Живут они вшестером в одной комнате у знакомых. Работы нет, и никто им ничего не предлагает.
Эпилог
Передо мной три кассеты - 4,5 часа разговоров: с беженцами, с представителями управления правительства Москвы по миграции, с руководителем федеральной миграционной службы. И эти зафиксированные на пленке беседы - всего лишь малая толика услышанного мною.
В этих кассетах слезы, боль, отчаяние, мольбы о помощи, апатия или полное неверие в добро и справедливость. Тяжело прослушивать пленки.
Еще тяжелее оттого, что помочь этим людям физически никак не можешь.

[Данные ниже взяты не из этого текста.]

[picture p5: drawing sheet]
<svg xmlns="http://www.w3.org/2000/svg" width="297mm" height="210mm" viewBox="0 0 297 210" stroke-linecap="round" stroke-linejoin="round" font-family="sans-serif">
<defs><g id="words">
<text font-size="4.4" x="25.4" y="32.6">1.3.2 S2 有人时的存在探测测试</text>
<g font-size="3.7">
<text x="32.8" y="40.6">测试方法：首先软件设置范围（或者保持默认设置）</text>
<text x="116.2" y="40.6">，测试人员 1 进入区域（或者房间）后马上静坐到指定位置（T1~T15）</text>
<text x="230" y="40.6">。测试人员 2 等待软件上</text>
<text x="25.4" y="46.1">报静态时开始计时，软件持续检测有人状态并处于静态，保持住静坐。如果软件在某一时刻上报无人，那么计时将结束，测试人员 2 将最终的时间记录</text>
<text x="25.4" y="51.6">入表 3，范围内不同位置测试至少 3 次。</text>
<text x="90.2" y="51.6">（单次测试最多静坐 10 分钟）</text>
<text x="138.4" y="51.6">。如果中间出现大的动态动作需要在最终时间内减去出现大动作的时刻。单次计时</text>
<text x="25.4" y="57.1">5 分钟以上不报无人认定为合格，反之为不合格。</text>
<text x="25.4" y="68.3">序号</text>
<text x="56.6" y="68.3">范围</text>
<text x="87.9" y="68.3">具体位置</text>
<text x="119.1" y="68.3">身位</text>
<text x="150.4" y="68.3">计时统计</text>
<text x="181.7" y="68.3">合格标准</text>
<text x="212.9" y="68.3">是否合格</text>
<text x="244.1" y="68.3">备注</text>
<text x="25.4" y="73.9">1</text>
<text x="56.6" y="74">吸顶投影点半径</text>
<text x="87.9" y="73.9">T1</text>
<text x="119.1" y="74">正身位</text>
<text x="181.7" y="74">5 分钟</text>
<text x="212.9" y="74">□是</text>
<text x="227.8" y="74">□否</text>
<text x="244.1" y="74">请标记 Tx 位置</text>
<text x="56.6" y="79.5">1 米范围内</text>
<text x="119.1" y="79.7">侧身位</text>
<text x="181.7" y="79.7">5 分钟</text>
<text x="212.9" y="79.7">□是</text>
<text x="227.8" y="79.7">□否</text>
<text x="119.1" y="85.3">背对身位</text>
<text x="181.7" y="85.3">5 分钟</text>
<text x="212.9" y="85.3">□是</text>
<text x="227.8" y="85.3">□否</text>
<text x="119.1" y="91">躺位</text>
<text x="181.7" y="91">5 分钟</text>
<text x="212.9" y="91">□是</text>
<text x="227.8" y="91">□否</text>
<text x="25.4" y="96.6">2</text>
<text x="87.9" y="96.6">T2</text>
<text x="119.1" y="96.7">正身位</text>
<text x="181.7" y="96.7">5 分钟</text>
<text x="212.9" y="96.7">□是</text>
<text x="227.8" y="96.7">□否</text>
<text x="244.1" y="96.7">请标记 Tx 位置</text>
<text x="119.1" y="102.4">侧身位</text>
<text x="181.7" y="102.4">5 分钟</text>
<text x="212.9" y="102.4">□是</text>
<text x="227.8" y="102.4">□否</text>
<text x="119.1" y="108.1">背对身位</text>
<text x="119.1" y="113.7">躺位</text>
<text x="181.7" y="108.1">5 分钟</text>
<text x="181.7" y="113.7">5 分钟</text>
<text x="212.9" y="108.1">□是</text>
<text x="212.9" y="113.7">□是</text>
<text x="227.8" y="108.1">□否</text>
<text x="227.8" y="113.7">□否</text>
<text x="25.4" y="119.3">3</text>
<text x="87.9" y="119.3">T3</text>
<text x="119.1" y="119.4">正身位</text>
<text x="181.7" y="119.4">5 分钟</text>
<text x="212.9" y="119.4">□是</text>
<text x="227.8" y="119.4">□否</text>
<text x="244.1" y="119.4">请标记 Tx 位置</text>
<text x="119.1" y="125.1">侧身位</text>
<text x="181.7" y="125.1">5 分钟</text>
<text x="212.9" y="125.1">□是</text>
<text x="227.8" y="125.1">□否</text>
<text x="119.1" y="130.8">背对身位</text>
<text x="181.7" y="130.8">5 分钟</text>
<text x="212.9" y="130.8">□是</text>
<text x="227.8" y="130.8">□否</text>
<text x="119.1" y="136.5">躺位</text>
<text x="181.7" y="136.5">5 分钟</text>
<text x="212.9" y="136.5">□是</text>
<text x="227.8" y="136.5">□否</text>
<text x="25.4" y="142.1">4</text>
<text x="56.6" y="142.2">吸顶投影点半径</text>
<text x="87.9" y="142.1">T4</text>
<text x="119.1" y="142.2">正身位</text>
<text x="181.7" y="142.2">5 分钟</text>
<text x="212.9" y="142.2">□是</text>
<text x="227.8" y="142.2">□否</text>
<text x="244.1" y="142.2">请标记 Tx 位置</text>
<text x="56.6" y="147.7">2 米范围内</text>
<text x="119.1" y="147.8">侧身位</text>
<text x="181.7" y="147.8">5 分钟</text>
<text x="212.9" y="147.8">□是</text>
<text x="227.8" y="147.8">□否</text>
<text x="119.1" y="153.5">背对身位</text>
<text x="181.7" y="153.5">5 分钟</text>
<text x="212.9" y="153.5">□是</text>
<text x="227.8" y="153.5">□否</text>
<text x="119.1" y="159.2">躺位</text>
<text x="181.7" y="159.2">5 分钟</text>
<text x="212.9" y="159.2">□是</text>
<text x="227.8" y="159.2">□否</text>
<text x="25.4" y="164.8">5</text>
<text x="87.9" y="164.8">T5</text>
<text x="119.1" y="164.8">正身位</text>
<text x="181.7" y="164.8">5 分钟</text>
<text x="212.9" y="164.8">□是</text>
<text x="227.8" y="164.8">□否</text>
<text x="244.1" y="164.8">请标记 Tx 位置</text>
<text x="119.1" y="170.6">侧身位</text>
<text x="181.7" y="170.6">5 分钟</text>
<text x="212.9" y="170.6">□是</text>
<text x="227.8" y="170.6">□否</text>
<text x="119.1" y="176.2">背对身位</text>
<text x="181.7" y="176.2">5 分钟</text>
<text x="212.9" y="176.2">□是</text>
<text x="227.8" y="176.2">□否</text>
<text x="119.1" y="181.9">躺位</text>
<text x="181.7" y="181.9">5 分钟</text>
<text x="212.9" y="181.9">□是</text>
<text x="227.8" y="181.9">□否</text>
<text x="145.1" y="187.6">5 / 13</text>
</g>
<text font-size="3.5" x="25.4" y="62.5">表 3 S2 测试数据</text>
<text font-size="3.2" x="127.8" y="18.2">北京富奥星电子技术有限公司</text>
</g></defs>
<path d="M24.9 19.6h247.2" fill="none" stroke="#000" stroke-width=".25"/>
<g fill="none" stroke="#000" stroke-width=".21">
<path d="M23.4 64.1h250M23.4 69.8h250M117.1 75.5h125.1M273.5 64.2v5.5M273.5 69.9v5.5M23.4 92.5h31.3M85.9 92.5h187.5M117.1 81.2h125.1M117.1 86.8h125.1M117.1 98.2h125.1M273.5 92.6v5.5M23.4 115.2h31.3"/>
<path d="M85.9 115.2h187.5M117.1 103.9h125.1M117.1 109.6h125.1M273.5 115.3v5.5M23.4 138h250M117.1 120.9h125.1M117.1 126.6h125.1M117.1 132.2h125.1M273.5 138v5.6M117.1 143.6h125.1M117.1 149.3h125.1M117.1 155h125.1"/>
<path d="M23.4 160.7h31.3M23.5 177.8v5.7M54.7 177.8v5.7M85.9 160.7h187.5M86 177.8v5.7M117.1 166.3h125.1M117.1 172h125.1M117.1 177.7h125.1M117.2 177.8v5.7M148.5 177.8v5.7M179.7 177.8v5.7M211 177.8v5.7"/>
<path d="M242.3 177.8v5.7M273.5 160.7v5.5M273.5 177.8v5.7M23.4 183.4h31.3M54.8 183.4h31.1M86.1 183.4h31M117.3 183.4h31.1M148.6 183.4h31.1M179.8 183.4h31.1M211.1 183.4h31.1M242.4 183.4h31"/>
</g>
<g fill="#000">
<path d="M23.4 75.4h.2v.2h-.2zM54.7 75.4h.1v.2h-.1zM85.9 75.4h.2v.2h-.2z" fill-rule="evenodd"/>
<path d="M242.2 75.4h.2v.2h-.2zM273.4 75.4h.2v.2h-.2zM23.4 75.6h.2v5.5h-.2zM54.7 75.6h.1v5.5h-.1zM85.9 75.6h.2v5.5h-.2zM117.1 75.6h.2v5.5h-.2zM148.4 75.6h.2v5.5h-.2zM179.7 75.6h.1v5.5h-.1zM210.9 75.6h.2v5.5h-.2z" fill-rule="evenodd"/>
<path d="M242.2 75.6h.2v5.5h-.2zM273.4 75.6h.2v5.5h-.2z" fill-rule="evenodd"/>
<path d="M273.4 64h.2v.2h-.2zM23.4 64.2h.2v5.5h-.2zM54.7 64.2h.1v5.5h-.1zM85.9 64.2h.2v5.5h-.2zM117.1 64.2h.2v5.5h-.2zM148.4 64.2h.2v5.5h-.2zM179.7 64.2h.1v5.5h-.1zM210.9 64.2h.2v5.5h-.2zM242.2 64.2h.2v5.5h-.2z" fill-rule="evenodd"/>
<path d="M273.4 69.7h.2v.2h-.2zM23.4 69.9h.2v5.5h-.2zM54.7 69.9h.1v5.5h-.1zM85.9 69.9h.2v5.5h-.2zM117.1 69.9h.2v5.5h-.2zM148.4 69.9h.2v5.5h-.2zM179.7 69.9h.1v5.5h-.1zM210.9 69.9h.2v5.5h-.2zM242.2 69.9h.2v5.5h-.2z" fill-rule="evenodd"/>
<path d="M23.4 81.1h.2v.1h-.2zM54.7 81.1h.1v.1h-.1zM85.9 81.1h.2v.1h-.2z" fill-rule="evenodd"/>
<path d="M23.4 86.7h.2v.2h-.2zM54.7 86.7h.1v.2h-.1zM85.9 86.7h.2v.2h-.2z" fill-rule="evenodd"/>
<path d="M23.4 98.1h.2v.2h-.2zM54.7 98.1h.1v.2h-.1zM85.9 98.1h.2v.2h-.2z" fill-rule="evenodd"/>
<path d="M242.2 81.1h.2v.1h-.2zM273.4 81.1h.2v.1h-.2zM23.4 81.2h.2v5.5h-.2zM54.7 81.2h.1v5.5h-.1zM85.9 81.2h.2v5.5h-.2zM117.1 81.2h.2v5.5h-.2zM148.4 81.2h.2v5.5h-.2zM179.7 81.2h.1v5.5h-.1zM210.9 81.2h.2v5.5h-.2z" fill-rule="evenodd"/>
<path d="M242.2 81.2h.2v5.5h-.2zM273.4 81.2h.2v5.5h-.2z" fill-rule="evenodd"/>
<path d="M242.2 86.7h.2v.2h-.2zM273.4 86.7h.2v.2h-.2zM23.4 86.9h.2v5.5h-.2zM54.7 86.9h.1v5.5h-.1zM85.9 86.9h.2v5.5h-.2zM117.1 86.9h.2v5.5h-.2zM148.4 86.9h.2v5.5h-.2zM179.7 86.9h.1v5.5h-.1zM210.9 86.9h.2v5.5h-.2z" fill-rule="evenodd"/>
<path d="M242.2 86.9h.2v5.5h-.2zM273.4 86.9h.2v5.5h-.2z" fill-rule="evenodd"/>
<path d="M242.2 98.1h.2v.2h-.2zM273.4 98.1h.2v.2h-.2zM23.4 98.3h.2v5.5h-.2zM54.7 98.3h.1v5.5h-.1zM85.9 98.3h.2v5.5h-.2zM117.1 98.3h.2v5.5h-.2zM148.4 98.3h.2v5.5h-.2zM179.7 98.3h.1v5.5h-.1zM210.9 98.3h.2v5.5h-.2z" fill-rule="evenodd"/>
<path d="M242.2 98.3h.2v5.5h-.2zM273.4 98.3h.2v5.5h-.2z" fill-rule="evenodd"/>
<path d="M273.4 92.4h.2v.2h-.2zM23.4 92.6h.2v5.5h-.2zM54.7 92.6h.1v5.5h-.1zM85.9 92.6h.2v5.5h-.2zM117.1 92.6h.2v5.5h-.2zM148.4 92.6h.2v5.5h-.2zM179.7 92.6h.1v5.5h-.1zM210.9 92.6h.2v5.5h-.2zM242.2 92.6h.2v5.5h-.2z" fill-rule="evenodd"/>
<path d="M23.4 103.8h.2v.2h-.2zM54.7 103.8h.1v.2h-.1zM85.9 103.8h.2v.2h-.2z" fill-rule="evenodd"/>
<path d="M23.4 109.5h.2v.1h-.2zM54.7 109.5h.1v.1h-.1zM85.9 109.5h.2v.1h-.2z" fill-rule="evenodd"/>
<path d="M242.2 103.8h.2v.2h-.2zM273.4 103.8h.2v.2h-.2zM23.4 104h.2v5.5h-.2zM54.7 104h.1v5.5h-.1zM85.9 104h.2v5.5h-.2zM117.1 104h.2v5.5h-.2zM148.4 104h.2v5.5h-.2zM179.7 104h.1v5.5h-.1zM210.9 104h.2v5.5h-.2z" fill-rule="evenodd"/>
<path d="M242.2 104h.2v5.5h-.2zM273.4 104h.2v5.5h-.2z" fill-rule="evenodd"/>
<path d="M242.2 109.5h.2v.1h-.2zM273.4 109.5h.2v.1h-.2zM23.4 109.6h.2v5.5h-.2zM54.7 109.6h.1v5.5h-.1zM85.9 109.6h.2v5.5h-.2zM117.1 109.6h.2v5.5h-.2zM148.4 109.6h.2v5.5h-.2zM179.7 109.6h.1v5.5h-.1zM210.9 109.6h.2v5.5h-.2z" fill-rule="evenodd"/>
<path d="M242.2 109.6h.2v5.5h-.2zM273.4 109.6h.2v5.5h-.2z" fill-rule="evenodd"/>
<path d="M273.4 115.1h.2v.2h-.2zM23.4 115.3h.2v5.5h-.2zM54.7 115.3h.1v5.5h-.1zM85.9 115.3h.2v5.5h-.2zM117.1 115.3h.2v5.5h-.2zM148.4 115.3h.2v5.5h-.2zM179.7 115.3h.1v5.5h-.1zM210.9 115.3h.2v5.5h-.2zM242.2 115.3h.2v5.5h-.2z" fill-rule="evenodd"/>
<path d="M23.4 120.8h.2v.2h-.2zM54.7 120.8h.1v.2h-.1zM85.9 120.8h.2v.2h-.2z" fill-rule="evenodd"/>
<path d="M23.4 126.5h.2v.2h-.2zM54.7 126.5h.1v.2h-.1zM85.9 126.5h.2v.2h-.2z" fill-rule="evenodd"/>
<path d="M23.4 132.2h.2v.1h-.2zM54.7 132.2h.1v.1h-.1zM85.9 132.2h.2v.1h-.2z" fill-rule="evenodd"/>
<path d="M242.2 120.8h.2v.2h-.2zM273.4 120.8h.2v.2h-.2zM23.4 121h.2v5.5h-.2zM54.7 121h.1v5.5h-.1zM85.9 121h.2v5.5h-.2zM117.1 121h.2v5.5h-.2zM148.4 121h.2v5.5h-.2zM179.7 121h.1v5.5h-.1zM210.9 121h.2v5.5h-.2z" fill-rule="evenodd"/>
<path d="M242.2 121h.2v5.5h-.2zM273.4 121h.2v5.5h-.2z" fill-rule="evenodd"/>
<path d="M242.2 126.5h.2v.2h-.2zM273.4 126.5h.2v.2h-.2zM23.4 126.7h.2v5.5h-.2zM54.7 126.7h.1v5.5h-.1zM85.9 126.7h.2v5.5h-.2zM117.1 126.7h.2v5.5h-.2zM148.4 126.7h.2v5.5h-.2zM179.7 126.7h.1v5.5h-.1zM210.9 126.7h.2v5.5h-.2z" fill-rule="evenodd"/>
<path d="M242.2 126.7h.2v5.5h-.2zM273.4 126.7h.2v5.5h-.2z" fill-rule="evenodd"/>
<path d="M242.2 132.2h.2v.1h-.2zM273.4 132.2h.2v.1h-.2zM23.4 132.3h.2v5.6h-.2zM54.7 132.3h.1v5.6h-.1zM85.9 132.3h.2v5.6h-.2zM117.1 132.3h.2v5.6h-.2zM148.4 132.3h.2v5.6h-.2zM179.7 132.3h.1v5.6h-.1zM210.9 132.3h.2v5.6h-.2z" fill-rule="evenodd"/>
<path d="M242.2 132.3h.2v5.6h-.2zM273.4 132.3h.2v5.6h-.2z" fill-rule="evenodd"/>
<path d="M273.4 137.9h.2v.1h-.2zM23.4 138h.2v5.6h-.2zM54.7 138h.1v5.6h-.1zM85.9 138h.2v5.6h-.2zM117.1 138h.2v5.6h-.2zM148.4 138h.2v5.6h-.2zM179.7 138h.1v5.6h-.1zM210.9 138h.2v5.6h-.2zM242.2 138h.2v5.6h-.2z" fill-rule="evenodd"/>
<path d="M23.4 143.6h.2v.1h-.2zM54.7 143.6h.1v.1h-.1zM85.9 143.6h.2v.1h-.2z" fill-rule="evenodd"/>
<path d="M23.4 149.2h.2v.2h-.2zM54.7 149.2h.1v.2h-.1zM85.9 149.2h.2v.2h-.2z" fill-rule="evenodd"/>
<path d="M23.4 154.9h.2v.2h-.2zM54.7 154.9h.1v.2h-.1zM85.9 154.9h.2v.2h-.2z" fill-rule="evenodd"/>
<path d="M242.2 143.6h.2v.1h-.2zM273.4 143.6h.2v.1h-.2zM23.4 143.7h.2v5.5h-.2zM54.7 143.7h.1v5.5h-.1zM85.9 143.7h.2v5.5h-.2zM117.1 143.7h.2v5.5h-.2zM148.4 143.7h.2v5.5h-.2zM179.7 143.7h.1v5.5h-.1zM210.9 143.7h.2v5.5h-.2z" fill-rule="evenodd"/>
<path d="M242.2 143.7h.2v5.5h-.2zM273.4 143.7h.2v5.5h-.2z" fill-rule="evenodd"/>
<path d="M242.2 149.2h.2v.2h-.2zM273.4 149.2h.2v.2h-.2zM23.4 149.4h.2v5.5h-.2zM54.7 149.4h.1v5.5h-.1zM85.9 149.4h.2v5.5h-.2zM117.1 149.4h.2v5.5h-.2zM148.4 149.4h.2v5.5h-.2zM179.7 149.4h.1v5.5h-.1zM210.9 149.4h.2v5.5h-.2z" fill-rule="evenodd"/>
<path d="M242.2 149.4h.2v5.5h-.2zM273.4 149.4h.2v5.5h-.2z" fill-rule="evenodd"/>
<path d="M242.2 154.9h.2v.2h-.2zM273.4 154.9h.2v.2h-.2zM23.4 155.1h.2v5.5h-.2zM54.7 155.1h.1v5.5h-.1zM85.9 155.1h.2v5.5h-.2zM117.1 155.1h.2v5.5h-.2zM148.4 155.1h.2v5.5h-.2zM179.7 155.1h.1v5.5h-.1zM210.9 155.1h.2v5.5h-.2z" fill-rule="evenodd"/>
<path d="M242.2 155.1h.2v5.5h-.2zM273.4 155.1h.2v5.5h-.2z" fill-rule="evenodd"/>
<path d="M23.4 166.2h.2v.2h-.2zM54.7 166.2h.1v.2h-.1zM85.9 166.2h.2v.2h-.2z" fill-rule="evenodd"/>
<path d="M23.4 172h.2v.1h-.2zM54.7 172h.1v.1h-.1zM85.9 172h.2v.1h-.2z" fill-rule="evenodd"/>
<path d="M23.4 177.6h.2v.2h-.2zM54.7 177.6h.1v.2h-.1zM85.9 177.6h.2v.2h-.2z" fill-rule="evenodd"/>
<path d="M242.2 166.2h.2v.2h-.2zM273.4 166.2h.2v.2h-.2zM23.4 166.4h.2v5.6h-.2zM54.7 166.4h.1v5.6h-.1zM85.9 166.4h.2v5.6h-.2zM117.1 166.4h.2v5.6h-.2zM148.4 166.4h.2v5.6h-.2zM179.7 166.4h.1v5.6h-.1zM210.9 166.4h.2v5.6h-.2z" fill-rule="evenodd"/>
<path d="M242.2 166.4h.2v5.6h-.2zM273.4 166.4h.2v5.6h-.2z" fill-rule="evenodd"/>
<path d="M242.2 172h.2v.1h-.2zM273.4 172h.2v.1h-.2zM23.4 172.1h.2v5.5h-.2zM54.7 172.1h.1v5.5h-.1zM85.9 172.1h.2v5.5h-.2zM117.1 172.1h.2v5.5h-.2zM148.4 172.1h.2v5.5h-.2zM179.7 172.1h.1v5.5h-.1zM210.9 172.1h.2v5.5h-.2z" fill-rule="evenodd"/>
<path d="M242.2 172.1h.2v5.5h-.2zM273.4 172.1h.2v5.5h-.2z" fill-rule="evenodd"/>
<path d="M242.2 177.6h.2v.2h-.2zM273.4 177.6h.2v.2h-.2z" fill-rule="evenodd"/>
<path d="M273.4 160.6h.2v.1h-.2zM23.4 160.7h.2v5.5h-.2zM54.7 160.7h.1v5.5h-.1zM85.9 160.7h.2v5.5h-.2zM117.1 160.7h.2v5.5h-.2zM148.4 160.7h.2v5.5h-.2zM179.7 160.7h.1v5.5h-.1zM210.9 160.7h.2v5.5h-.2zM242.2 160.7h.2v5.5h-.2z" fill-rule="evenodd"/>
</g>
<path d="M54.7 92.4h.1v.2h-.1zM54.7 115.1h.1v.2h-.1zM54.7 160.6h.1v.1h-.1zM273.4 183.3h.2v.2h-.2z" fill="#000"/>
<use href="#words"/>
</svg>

Я сознательно опустил пересказ многих историй, все они вызывают слезы. Но я хочу, чтобы вы представили хоть на пару минут на месте этих людей себя. Вот разграбили ваш дом, вот вам просто пришлось бросить все и бежать, вот вы мыкаетесь по чужим людям, и денег у вас нет, и дальше, и дальше, и дальше. Каково будет вам?
А теперь представьте их. Сегодня. И реалии жизни таковы, что беженцев с каждым днем будет все больше и больше. Но вы их все равно не видите. Потому что они не ходят с протянутой рукой по вагонам электричек, они не просят милостыню в переходах метро. Им стыдно просить!
Это делают или профессиональные нищие, или пьяницы, которые очень хорошо подкованы политически: то ли газеты читают, то ли телевизор смотрят. Потому что после каждой локальной войны появляются люди якобы оттуда.
Когда я начинал интересоваться, откуда именно: Бендер или Дубоссар, Курган-Тюбе или Куляба, Пицунды или Сухуми, - лжебеженцы рысцой выбегали из вагона, не вступая в разговор.
Многие беженцы в отчаянии говорили мне: "Дайте нам работу и хоть какое-нибудь жилье. Мы сами выживем". Но им и этого не дают, В той же Федеральной миграционной службе нет на стенах открытых списков вакантных рабочих мест, нет адресов, нет телефонов. О каждом месте сотрудники справляются по телефону у своих же коллег из соседнего здания. Телефон, кстати, один, да и тот спаренный.
Да что там рабочие места! Сам телефон ФМС по большей части беженцам неизвестен. "Откуда узнали?" - "От друзей", "знакомых", "люди подсказали" и т.д. и т.д.
А про адрес ФМС и говорить не приходится. И притом многие беженцы в Москве вообще ориентируются слабо.
И поэтому часть беженцев возвращается обратно - на войну. Нужно ли более веское подтверждение наплевательского отношения к ним в России?
Распад колоний - процесс мучительный, больной. Через это прошли Англия, Франция, Испания, Италия, Португалия, Голландия. - Было это не когда-нибудь, а двадцать, тридцать, сорок лет назад. В мире накоплен колоссальный опыт по приему людей, по рациональному их использованию в производстве, по адаптации их к новому обществу.
Мы же идем своим, только нам известным, но совершенно никому не понятным путем.
Вспомните, как начались погромы в Баку. Кто шел избивать армян и занимать их квартиры? Беженцы, изгнанные из Нагорного Карабаха. Кто, в свою очередь, громил азербайджанские деревни в Армении?
России пока это не грозит. Но фашизация общества налицо. И беженцы - его добрая подпитка.
В самом деле, как объяснить русскому человеку, что Москву "делят", помимо прочих группировок, еще и чеченские, азербайджанские, памирские кланы? А среди московских "воров в законе" выделяются грузины? Только тем, что среди каждого народа есть плохие люди и есть хорошие?
Слабый аргумент, если учесть, что сегодня подонкам всех национальностей "есть разгуляться, где на воле" (причем "волю" почему-то они выбирают российскую), а русские беженцы вынуждены не солоно хлебавши возвращаться обратно.
Получается, что богатому негодяю в России есть место, а честному человеку в ней места нет?
Манкурт - это человек без исторической памяти. Манкуртами зовут русских в странах ближнего зарубежья с явно выраженной антироссийской позицией.
"Бегите, манкурты, бегите!- говорят там и дружно скандируют: - Иван! Чемодан, вокзал, Россия!"
Но Иваны не манкурты, если они бегут все-таки в Россию. Манкурт - само государство, забывшее и отторгающее своих детей!
Даже сука не отталкивает от своих запавших сосков голодных, скулящих детенышей. Она плачет вместе с ними и старается если не накормить, то хоть вылизать их языком.